(Beginning of Records provided)
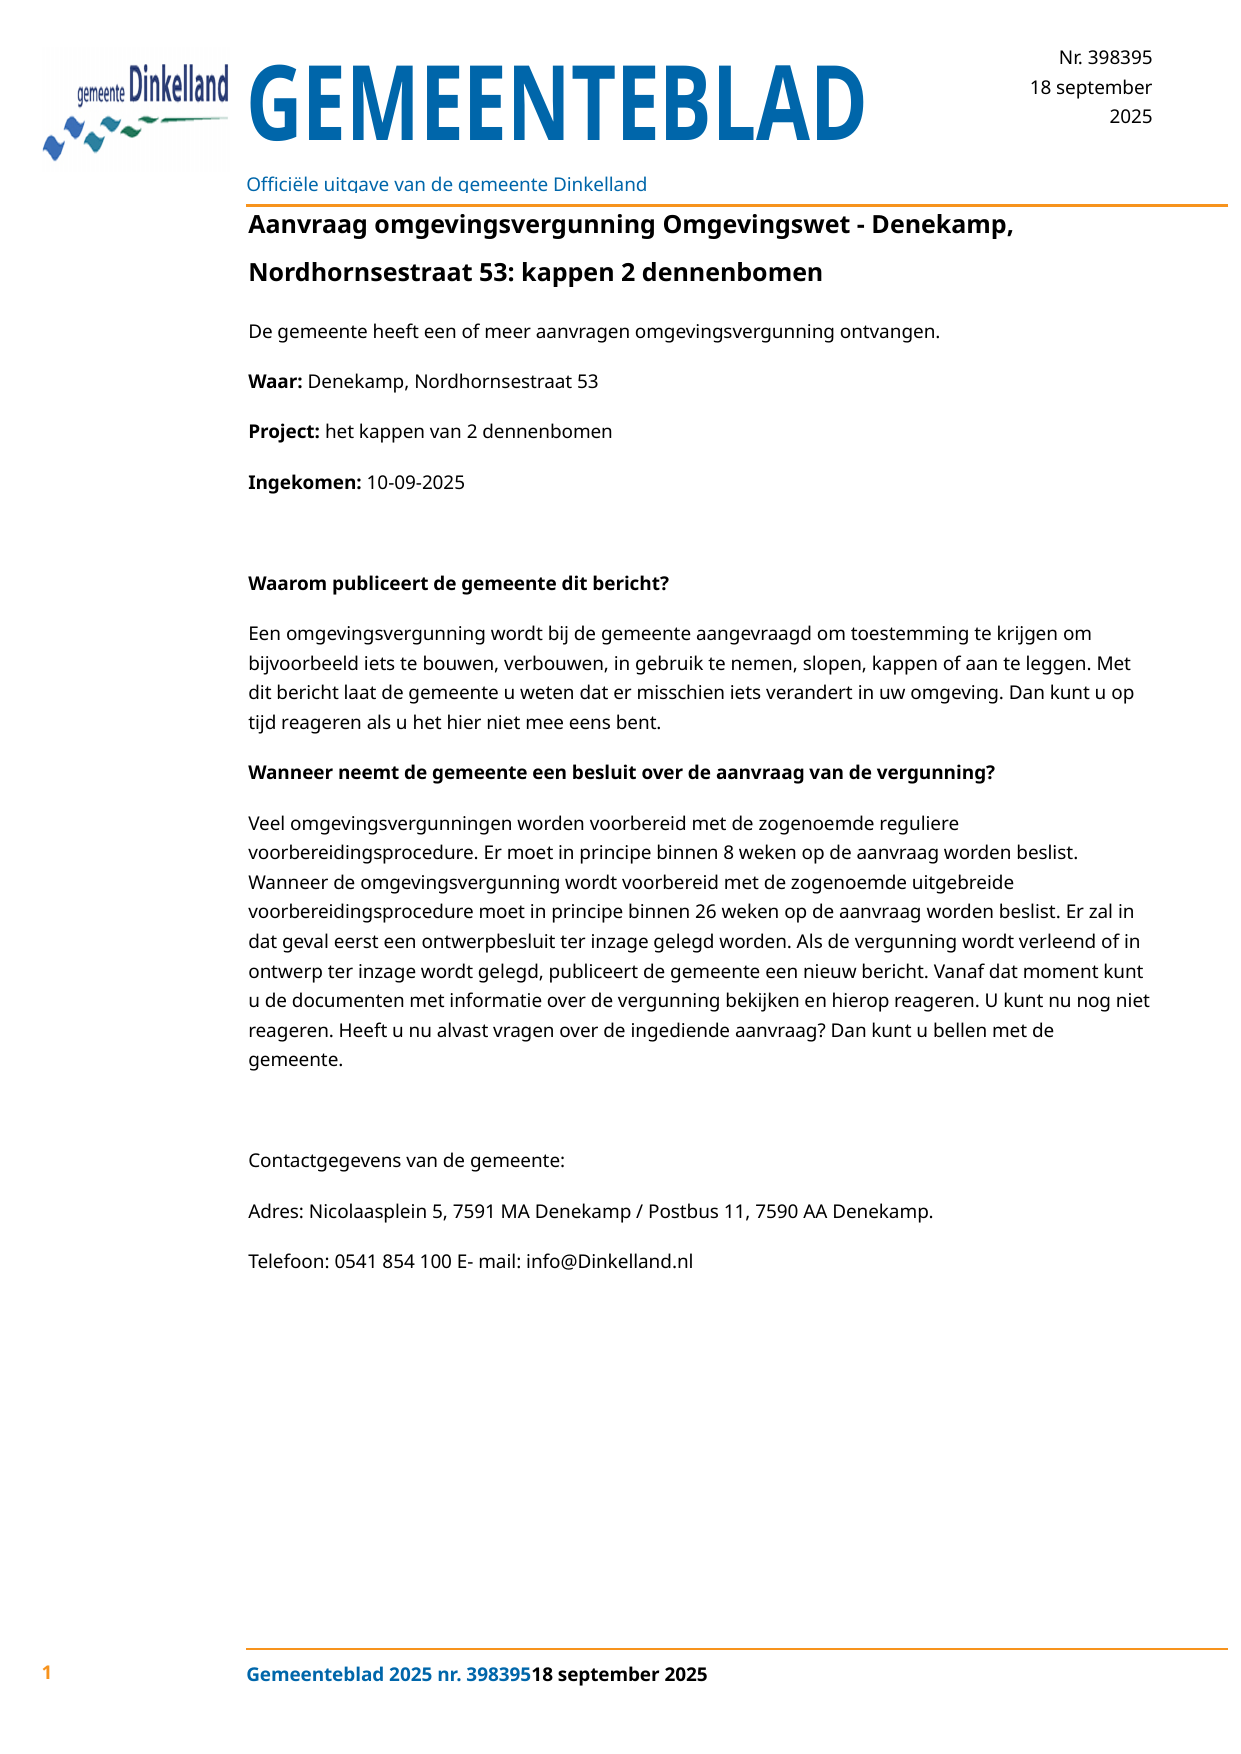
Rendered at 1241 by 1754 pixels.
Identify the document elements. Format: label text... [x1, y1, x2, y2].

text Waar: Denekamp, Nordhornsestraat 53 [248, 368, 1152, 394]
text Veel omgevingsvergunningen worden voorbereid met de zogenoemde reguliere voorbereidingsprocedure. Er moet in principe binnen 8 weken op de aanvraag worden beslist. Wanneer de omgevingsvergunning wordt voorbereid met de zogenoemde uitgebreide voorbereidingsprocedure moet in principe binnen 26 weken op de aanvraag worden beslist. Er zal in dat geval eerst een ontwerpbesluit ter inzage gelegd worden. Als de vergunning wordt verleend of in ontwerp ter inzage wordt gelegd, publiceert de gemeente een nieuw bericht. Vanaf dat moment kunt u de documenten met informatie over de vergunning bekijken en hierop reageren. U kunt nu nog niet reageren. Heeft u nu alvast vragen over de ingediende aanvraag? Dan kunt u bellen met de gemeente. [248, 810, 1152, 1072]
text Ingekomen: 10-09-2025 [248, 469, 1152, 495]
picture [41, 47, 231, 172]
text Waarom publiceert de gemeente dit bericht? [248, 570, 1152, 596]
text Adres: Nicolaasplein 5, 7591 MA Denekamp / Postbus 11, 7590 AA Denekamp. [248, 1198, 1152, 1224]
text Wanneer neemt de gemeente een besluit over de aanvraag van de vergunning? [248, 759, 1152, 785]
text Contactgegevens van de gemeente: [248, 1147, 1152, 1173]
text Telefoon: 0541 854 100 E- mail: info@Dinkelland.nl [248, 1248, 1152, 1274]
text De gemeente heeft een of meer aanvragen omgevingsvergunning ontvangen. [248, 318, 1152, 344]
text Project: het kappen van 2 dennenbomen [248, 419, 1152, 444]
text Aanvraag omgevingsvergunning Omgevingswet - Denekamp, Nordhornsestraat 53: kappen 2 dennenbomen [248, 207, 1152, 288]
text Een omgevingsvergunning wordt bij de gemeente aangevraagd om toestemming te krijgen om bijvoorbeeld iets te bouwen, verbouwen, in gebruik te nemen, slopen, kappen of aan te leggen. Met dit bericht laat de gemeente u weten dat er misschien iets verandert in uw omgeving. Dan kunt u op tijd reageren als u het hier niet mee eens bent. [248, 620, 1152, 735]
(End of Records provided)
**What you need to do**
Please retype exactly the line containing "text Contactgegevens van" and each line after it to the end of the records, and nothing more.

**The answer**
text Contactgegevens van de gemeente: [248, 1147, 1152, 1173]
text Telefoon: 0541 854 100 E- mail: info@Dinkelland.nl [248, 1248, 1152, 1274]
text De gemeente heeft een of meer aanvragen omgevingsvergunning ontvangen. [248, 318, 1152, 344]
text Project: het kappen van 2 dennenbomen [248, 419, 1152, 444]
text Aanvraag omgevingsvergunning Omgevingswet - Denekamp, Nordhornsestraat 53: kappen 2 dennenbomen [248, 207, 1152, 288]
text Een omgevingsvergunning wordt bij de gemeente aangevraagd om toestemming te krijgen om bijvoorbeeld iets te bouwen, verbouwen, in gebruik te nemen, slopen, kappen of aan te leggen. Met dit bericht laat de gemeente u weten dat er misschien iets verandert in uw omgeving. Dan kunt u op tijd reageren als u het hier niet mee eens bent. [248, 620, 1152, 735]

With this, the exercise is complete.